How to Change a Column Datatype Without Affecting Existing Users Postgresql
Source: Dev.to

Imagine you’re building a dating app. You’ve hit a major milestone: one million users. Congratulations!
In the early days you kept things simple. To track whether a user had children you used a single column called kids that stored a string, e.g.:
const updatePreferencesSchema = Joi.object({
kids: Joi.string().valid(
"Yes- they live with me",
"Yes- they don't live with me",
"no"
).optional()
});
Later the product team wants richer data: they need to know if a user has kids, whether those kids live at home, and the user’s desire for kids. The new schema looks like this:
const updatePreferencesSchema = Joi.object({
kids: Joi.object({
hasKids: Joi.boolean().required(),
liveAtHome: Joi.boolean().required(),
wantsKids: Joi.string().valid("Yes", "No", "Not Decided")
}).optional()
});
Running a simple ALTER TABLE and deploying the new code will break existing rows that still contain the old string values. The application will throw a TypeError when it tries to read user.kids.hasKids from a row that still stores "no".
To handle the in‑between state you can use the Expand and Contract Pattern.
Phase 1: The Expand (The Safety Bridge)
Add a new column that will hold the data in the new format while keeping the old column untouched.
-- Step 1: Add the new column (defaulting to an empty object)
ALTER TABLE users ADD COLUMN kids_v2 JSONB DEFAULT '{}';
Dual‑Write Logic
Update the application to write to both columns. This ensures that new data is compatible with the old code (which still reads kids) and the new code (which reads kids_v2).
const oldValue = req.body.kids; // e.g., "yes- they live with me."
const updateData = {
kids: oldValue,
kids_v2: {
hasKids: oldValue.toLowerCase().includes("yes"),
liveAtHome: oldValue === "yes- they live with me",
wantsKids: "Not Decided" // default for the new requirement
}
};
Phase 2: The Migration (Backfilling the Past)
You now have a million rows where kids_v2 is just {}. Updating them all at once would lock the table, so process the data in batches.

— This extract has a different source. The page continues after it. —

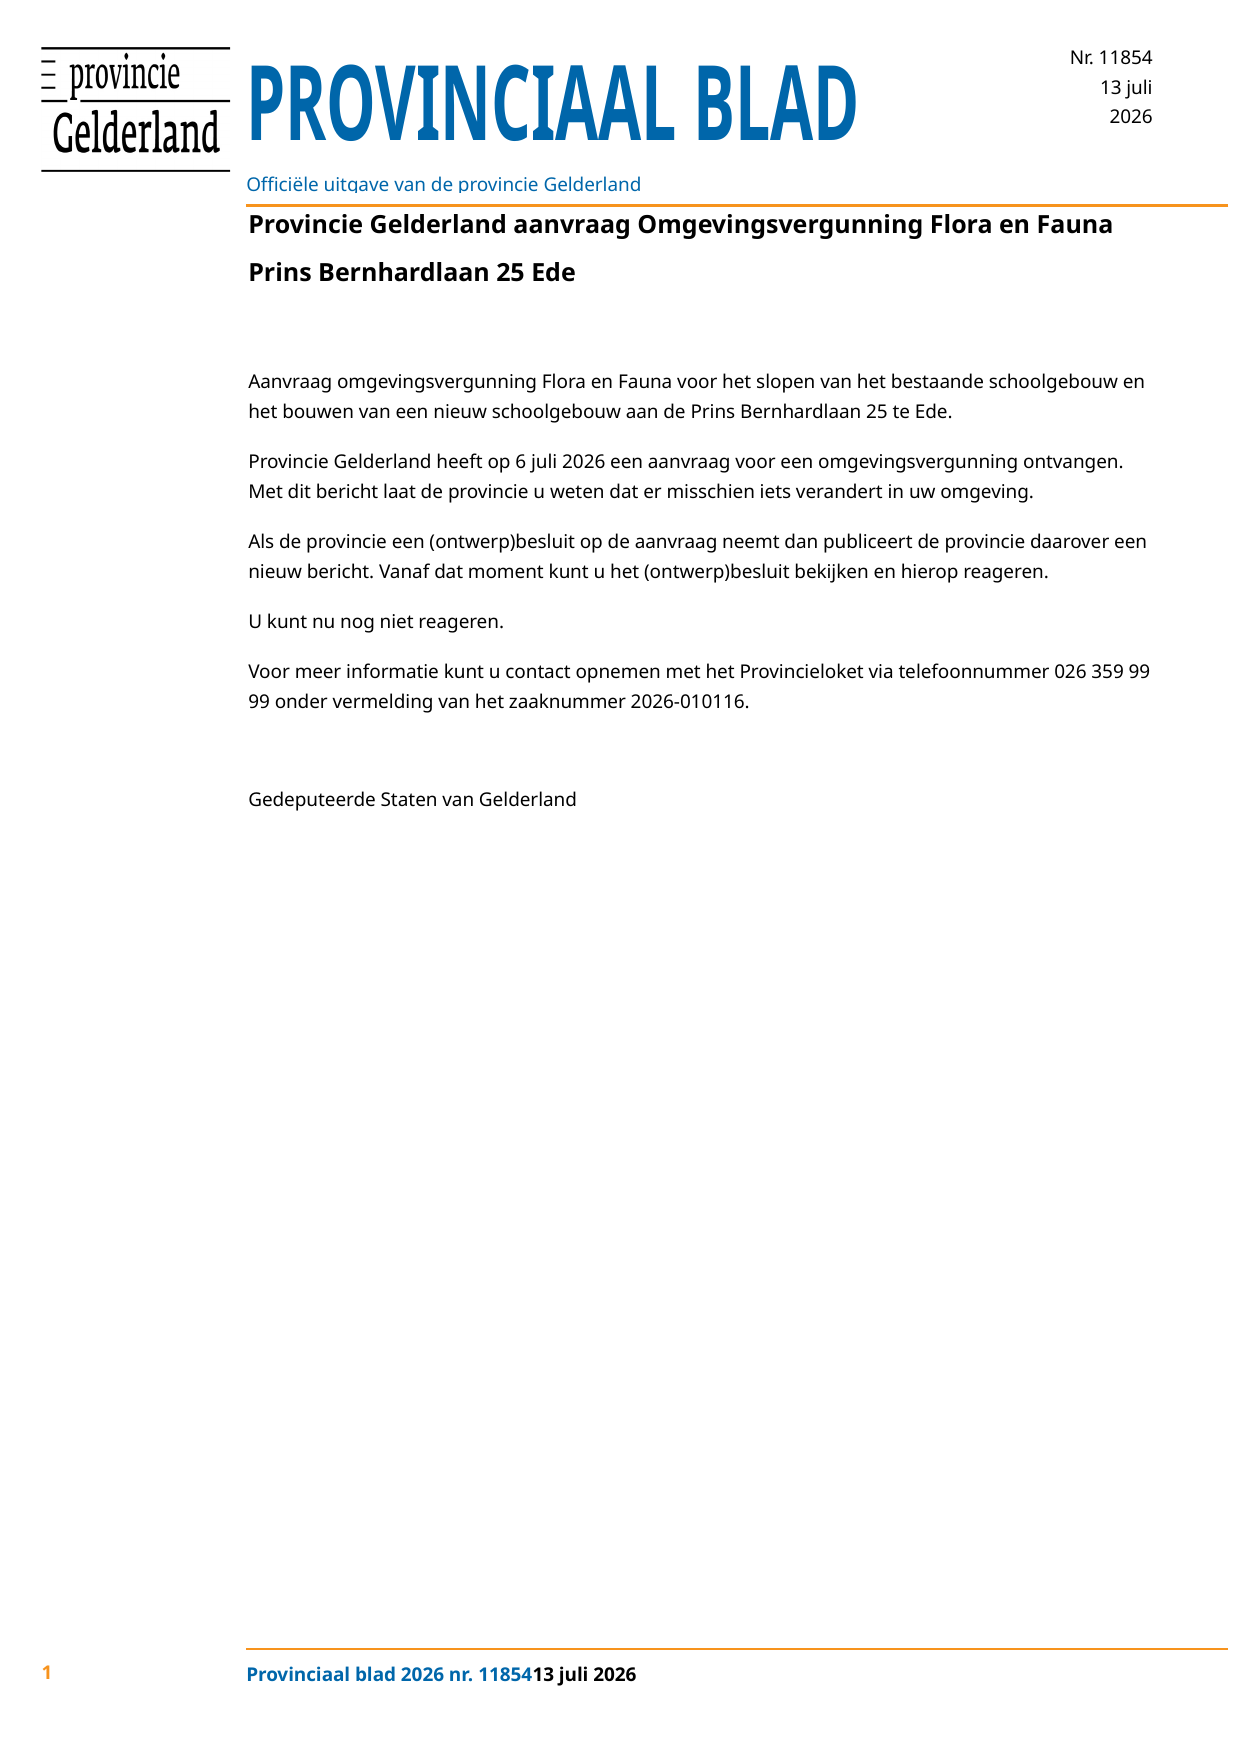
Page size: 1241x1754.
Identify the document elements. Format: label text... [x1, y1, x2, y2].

Safe Batch Update Script (Node.js)
const { Pool } = require('pg');
const pool = new Pool();
async function backfillKidsData() {
const batchSize = 5000;
let hasMore = true;
while (hasMore) {
const res = await pool.query(`
UPDATE users
SET kids_v2 = jsonb_build_object(
'hasKids', CASE WHEN kids ILIKE 'yes%' THEN true ELSE false END,
'liveAtHome', CASE WHEN kids = 'yes- they live with me' THEN true ELSE false END,
'wantsKids', 'Not Decided'
)
WHERE id IN (
SELECT id FROM users
WHERE kids_v2 = '{}' AND kids IS NOT NULL
LIMIT ${batchSize}
)
RETURNING id;
`);
if (res.rowCount === 0) hasMore = false;
console.log(`Migrated ${res.rowCount} rows...`);
// Give the DB and event loop a short breather
await new Promise(r => setTimeout(r, 100));
}
}
Run this script until it reports that no more rows need updating.

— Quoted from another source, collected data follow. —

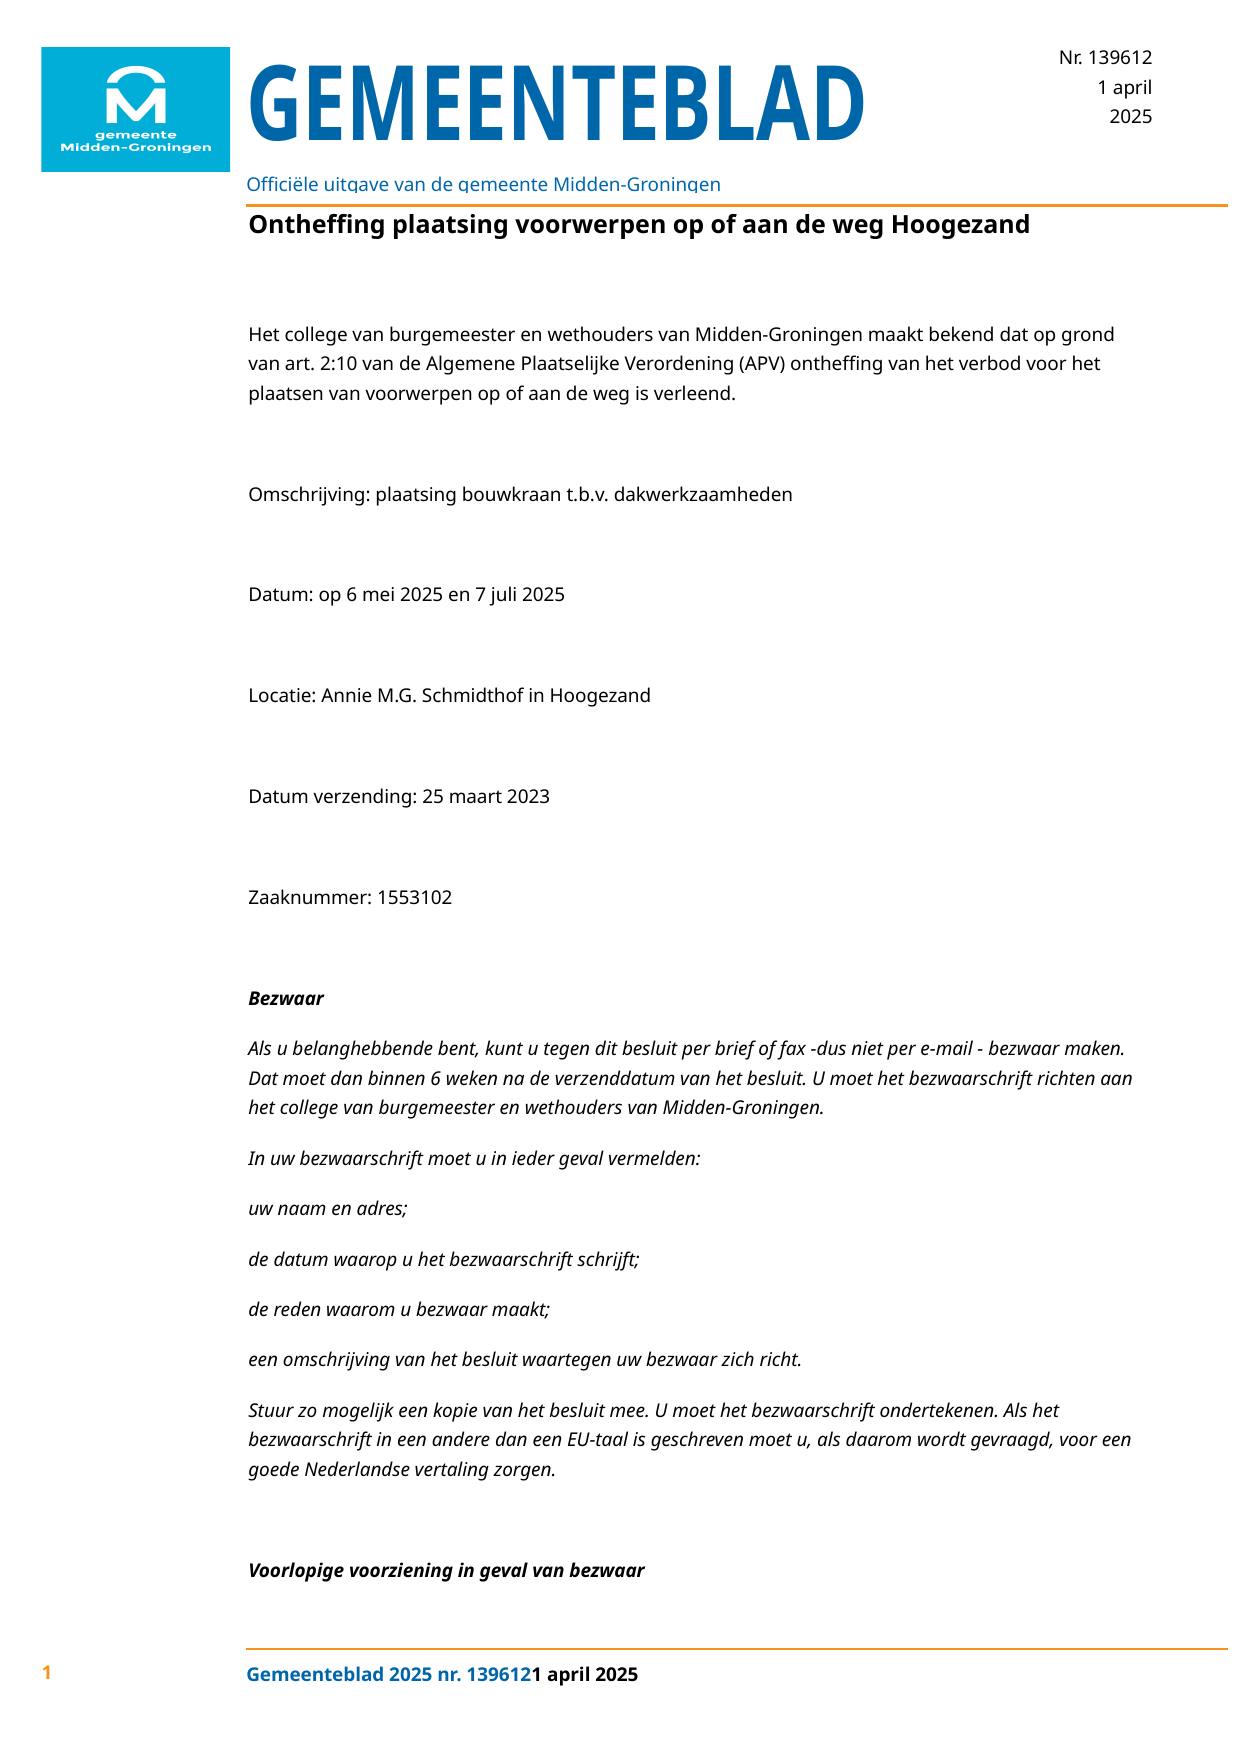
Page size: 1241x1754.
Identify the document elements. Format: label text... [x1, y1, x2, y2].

text de reden waarom u bezwaar maakt; [248, 1296, 1152, 1322]
text Datum verzending: 25 maart 2023 [248, 783, 1152, 809]
text een omschrijving van het besluit waartegen uw bezwaar zich richt. [248, 1347, 1152, 1372]
text Als u belanghebbende bent, kunt u tegen dit besluit per brief of fax -dus niet per e-mail - bezwaar maken. Dat moet dan binnen 6 weken na de verzenddatum van het besluit. U moet het bezwaarschrift richten aan het college van burgemeester en wethouders van Midden-Groningen. [248, 1035, 1152, 1120]
text Omschrijving: plaatsing bouwkraan t.b.v. dakwerkzaamheden [248, 481, 1152, 506]
text uw naam en adres; [248, 1195, 1152, 1221]
text In uw bezwaarschrift moet u in ieder geval vermelden: [248, 1145, 1152, 1171]
text Bezwaar [248, 985, 1152, 1011]
text Stuur zo mogelijk een kopie van het besluit mee. U moet het bezwaarschrift ondertekenen. Als het bezwaarschrift in een andere dan een EU-taal is geschreven moet u, als daarom wordt gevraagd, voor een goede Nederlandse vertaling zorgen. [248, 1397, 1152, 1482]
text Zaaknummer: 1553102 [248, 884, 1152, 910]
picture [108, 66, 164, 82]
text de datum waarop u het bezwaarschrift schrijft; [248, 1246, 1152, 1271]
picture [107, 89, 165, 122]
text Locatie: Annie M.G. Schmidthof in Hoogezand [248, 682, 1152, 708]
text Voorlopige voorziening in geval van bezwaar [248, 1557, 1152, 1583]
text Ontheffing plaatsing voorwerpen op of aan de weg Hoogezand [248, 207, 1152, 241]
picture [184, 146, 190, 153]
text Het college van burgemeester en wethouders van Midden-Groningen maakt bekend dat op grond van art. 2:10 van de Algemene Plaatselijke Verordening (APV) ontheffing van het verbod voor het plaatsen van voorwerpen op of aan de weg is verleend. [248, 321, 1152, 406]
text Datum: op 6 mei 2025 en 7 juli 2025 [248, 582, 1152, 607]

Phase 3: The Contract (The Clean Cut)
Once every row contains a valid object in kids_v2, you have achieved schema parity.
- Switch the API – update the code to read only from
kids_v2. - Monitor – watch logs for any “undefined property” errors for a few days.
- Delete – drop the old column and remove the dual‑write logic.
-- Final cleanup
ALTER TABLE users DROP COLUMN kids;
Conclusion
The Expand and Contract pattern lets you evolve a column’s datatype without downtime or data‑integrity issues. By expanding the schema, safely migrating data in batches, and then contracting (cleaning up), you avoid the gap that would otherwise cause runtime errors.